— DATA FOR THIS TASK —

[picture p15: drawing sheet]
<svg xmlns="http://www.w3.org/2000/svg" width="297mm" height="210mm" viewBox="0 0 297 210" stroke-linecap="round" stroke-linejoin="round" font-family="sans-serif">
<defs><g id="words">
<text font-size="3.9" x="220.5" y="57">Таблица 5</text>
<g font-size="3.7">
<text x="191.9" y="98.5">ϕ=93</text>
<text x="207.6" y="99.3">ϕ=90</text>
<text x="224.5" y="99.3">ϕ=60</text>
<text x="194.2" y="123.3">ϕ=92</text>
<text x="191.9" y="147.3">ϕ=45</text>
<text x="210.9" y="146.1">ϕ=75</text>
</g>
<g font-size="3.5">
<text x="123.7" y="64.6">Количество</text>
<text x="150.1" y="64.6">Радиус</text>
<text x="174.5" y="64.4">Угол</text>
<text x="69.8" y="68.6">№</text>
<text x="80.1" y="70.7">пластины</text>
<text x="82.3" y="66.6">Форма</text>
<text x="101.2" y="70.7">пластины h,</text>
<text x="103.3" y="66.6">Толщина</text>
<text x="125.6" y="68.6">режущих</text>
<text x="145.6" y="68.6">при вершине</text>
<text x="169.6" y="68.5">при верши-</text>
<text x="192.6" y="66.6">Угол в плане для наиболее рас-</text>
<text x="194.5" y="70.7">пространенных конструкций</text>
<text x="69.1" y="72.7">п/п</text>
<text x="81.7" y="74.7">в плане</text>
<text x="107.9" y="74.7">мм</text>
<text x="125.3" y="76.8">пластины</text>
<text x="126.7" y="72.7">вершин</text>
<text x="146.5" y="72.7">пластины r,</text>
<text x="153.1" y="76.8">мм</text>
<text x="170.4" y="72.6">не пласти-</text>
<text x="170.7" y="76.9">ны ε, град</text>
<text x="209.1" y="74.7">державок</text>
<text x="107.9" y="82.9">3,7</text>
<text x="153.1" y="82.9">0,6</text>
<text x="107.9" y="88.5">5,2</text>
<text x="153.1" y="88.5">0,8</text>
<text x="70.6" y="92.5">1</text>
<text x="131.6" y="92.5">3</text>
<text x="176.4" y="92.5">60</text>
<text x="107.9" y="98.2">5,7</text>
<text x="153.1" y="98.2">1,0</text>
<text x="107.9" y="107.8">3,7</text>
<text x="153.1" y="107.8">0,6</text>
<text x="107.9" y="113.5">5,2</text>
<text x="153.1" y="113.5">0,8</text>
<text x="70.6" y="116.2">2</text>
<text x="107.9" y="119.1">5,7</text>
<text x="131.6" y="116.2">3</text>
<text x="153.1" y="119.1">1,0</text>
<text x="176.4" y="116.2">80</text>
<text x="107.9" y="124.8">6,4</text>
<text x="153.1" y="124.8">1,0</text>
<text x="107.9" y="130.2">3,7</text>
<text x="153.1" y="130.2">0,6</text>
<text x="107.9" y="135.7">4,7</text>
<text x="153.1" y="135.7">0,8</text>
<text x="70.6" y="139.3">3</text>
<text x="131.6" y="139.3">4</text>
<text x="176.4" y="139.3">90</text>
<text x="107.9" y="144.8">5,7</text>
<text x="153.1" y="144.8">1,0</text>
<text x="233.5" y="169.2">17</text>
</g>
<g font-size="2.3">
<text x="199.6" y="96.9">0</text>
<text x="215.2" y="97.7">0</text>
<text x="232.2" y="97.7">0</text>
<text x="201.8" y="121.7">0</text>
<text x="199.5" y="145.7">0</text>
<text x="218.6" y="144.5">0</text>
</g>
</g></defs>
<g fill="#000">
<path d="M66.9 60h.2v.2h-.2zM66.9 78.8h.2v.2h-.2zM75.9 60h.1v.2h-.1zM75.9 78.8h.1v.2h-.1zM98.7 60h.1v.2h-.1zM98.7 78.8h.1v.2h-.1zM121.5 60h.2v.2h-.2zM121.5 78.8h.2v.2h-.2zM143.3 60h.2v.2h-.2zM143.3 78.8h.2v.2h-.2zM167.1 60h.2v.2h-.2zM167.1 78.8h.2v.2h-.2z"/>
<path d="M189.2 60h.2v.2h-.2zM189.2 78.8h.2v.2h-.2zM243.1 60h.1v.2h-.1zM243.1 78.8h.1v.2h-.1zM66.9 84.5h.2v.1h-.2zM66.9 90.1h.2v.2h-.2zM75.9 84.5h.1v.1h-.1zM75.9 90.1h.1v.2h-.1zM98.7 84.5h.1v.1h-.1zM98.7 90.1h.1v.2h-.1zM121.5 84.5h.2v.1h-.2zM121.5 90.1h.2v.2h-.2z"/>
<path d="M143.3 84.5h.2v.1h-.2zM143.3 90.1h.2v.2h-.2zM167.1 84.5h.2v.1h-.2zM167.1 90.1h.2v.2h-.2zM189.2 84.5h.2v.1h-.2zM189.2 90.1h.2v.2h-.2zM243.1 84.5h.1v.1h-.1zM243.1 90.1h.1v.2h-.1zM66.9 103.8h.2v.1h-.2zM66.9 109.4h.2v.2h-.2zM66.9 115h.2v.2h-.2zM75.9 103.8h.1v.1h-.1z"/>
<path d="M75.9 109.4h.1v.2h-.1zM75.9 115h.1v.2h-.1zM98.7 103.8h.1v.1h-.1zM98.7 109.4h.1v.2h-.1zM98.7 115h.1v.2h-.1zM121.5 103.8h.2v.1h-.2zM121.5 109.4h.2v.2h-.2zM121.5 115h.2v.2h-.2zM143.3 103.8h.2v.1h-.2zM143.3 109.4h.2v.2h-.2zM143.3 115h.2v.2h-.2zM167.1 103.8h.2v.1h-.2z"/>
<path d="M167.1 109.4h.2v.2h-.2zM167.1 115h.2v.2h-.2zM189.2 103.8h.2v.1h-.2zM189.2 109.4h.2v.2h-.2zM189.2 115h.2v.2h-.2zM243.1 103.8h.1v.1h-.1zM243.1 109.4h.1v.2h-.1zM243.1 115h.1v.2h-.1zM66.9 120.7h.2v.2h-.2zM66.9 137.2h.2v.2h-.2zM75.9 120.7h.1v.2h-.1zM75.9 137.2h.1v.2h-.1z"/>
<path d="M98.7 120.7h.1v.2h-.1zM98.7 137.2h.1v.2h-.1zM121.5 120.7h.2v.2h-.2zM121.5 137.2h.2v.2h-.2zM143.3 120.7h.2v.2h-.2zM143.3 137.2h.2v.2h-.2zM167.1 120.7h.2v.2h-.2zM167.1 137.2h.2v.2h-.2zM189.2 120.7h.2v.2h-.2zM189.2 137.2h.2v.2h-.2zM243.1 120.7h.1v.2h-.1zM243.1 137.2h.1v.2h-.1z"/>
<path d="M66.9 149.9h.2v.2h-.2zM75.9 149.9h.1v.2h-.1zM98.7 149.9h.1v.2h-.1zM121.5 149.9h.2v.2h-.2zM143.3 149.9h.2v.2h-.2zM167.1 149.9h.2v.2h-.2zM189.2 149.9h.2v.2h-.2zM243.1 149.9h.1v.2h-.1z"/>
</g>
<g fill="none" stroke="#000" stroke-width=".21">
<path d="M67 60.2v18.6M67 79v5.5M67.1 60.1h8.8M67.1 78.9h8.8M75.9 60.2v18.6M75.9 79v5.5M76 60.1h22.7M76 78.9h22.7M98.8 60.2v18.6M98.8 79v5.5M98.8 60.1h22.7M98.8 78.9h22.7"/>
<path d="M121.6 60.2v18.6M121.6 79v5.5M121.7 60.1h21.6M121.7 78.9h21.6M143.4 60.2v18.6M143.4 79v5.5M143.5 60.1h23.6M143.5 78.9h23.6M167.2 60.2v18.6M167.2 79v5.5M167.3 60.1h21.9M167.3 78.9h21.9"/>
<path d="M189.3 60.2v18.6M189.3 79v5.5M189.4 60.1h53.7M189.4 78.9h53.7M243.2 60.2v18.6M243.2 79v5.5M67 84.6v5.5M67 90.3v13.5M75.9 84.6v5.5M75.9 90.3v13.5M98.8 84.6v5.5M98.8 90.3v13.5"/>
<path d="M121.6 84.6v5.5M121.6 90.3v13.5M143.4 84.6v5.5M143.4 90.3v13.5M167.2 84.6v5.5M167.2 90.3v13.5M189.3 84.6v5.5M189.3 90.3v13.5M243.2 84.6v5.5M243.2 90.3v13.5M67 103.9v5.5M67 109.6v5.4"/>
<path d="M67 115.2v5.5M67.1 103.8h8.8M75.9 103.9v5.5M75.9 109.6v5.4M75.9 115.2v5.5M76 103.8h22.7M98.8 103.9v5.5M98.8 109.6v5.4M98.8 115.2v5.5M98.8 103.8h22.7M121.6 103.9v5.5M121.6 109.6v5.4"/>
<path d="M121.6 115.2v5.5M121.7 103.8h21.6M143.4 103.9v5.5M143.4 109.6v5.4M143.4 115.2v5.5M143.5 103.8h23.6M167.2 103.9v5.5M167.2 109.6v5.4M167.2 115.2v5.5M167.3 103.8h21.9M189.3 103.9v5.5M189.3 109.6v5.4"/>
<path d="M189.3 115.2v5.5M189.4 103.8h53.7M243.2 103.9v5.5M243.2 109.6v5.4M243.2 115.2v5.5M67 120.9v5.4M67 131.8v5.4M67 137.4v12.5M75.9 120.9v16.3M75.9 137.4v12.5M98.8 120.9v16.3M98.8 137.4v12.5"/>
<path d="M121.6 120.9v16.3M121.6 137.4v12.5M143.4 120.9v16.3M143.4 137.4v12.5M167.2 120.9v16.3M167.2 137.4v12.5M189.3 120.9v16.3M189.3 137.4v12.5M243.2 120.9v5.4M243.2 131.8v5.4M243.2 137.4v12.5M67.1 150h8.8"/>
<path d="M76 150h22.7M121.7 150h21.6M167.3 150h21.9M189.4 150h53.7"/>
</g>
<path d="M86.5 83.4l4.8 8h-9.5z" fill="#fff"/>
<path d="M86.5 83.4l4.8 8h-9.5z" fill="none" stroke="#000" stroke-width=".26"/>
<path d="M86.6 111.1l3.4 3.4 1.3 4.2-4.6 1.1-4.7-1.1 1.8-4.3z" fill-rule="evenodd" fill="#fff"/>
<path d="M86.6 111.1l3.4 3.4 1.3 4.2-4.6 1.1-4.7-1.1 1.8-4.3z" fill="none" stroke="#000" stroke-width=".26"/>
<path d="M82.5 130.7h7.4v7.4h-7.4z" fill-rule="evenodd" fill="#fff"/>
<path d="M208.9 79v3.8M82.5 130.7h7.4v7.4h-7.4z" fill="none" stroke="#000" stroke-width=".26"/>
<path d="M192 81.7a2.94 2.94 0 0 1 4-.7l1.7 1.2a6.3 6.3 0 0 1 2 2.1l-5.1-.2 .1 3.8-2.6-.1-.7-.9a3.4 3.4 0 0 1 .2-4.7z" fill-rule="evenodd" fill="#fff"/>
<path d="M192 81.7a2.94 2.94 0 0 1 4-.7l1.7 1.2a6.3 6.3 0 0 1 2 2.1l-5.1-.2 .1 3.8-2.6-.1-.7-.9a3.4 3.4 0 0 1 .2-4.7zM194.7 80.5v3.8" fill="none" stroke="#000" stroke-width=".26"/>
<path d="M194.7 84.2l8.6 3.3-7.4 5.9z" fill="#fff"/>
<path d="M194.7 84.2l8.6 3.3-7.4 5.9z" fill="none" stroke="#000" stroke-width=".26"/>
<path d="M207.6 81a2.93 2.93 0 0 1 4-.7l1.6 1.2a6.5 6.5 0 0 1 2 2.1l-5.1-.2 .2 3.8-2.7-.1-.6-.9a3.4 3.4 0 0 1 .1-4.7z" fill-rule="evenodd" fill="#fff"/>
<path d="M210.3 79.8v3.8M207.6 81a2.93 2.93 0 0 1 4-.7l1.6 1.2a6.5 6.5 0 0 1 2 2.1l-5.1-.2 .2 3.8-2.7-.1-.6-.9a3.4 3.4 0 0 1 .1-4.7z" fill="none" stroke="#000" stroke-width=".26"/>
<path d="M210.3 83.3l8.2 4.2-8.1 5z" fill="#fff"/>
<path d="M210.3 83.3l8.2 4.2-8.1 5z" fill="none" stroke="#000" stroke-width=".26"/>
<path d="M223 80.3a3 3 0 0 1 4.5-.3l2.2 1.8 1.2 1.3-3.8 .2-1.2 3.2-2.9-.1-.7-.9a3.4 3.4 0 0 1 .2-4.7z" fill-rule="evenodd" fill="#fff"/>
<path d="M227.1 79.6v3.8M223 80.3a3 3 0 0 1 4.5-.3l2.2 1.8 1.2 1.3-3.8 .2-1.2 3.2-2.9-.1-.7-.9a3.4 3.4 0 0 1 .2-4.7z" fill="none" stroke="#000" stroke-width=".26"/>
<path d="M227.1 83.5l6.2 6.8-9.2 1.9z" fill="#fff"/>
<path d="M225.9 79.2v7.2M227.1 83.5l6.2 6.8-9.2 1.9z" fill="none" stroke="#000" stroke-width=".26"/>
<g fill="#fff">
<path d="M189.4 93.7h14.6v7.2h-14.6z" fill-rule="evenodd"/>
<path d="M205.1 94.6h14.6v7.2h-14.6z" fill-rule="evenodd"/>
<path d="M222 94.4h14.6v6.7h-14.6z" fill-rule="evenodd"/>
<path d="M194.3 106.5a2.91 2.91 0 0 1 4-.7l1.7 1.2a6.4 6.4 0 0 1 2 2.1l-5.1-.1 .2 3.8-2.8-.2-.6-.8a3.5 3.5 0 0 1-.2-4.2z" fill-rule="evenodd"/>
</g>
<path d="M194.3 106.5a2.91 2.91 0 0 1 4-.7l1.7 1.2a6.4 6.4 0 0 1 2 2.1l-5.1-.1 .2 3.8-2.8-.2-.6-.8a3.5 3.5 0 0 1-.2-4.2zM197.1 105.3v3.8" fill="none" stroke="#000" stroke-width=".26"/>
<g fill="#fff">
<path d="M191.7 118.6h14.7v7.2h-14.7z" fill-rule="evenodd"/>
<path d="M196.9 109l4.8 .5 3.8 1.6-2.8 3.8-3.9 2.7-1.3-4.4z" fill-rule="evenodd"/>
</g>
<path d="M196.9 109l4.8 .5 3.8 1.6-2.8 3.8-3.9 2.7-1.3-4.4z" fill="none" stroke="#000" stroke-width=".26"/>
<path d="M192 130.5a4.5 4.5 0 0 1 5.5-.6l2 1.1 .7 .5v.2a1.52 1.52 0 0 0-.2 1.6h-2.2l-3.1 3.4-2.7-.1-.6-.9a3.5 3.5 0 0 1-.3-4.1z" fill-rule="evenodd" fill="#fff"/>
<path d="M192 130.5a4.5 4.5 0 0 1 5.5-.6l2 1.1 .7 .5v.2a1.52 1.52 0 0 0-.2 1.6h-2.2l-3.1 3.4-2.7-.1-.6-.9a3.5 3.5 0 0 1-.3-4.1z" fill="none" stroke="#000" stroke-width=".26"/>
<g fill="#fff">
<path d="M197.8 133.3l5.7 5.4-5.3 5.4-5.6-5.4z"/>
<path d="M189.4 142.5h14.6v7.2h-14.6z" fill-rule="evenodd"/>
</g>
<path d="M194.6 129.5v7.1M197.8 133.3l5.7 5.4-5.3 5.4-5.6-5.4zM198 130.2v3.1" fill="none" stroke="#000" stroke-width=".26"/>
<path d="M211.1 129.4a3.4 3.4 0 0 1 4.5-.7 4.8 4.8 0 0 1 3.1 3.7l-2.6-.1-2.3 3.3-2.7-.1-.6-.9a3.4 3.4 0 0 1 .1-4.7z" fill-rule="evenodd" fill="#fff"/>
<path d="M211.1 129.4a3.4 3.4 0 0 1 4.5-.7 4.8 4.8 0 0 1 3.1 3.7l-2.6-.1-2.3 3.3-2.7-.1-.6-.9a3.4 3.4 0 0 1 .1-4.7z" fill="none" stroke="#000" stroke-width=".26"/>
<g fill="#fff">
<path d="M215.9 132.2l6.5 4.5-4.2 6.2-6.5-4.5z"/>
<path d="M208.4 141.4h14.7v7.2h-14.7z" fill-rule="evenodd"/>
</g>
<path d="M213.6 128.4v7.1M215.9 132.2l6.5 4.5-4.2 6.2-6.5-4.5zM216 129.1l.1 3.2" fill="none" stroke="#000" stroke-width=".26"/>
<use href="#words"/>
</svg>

— ACTIVITY —
Your answer should consist of the lines above that hold the word "size", copied exactly.

— RESULT OF THE TASK —
<text font-size="3.9" x="220.5" y="57">Таблица 5</text>
<g font-size="3.7">
<g font-size="3.5">
<g font-size="2.3">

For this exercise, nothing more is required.